Ford tries to catch up to Uber and Google in the driverless car game

The traditional car manufacturer is working to develop in-car connectivity, ride-sharing and autonomous technologies

A self-driving Ford Fusion hybrid car is test-driven in Pittsburgh.

Not every self-driving car company is a hi-tech unicorn eager to disrupt the status quo. The latest firm to invite journalists to experience its autonomous technology is the epitome of traditional car manufacturing: Ford.

On its sprawling campus in Dearborn, Michigan, the century-old company is trying its hardest to look and act like a new startup. In March, Ford launched a subsidiary called Ford Smart Mobility (FSM) to develop in-car connectivity, ride-sharing and autonomous technologies. FSM is designed to compete like a startup, with the aim of translating Ford’s decade of work in autonomous systems into real products.

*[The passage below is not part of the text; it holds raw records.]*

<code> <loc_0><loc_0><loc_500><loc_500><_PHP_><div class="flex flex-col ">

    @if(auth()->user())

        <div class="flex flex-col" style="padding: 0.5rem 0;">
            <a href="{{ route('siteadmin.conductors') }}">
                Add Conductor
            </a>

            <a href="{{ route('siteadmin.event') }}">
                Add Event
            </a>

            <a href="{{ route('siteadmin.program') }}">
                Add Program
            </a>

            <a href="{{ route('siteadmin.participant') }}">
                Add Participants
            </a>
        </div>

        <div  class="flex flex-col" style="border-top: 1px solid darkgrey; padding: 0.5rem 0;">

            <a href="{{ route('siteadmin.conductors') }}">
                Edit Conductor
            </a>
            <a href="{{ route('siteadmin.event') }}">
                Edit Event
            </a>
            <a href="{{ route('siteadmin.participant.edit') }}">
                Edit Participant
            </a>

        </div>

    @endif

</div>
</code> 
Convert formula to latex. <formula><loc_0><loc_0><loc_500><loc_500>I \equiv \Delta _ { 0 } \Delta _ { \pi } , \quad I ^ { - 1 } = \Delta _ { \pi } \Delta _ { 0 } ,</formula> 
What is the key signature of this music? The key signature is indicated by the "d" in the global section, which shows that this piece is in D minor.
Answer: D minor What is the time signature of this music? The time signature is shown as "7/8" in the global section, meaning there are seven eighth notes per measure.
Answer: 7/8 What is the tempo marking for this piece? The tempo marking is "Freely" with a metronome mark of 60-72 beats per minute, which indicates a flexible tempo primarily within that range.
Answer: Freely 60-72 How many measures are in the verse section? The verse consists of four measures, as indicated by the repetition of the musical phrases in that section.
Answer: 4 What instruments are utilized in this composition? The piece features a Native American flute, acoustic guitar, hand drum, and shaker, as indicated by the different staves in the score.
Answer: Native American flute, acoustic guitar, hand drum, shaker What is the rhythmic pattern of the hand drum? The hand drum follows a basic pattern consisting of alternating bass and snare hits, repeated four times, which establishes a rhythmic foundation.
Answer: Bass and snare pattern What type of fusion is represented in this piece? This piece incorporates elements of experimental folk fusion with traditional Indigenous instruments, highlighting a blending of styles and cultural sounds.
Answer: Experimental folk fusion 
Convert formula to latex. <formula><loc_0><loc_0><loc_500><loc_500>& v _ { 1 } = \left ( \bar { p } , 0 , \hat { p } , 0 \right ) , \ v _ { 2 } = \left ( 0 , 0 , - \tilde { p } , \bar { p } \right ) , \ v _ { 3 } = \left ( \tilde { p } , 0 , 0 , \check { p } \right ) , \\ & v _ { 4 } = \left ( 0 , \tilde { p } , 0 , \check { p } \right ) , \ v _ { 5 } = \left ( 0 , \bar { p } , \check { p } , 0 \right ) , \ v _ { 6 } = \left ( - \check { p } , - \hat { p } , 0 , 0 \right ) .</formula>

At its first public autonomous vehicle demos, young engineers and entrepreneurs were enthused about reinventing our traffic-clogged cities.

“We’re rethinking our entire business model,” said Mark Fields, Ford’s CEO. “It’s no longer about how many vehicles we can sell, it’s about what services we can provide. We understand that the world has changed from a mindset of owning vehicles to one of owning and sharing them.”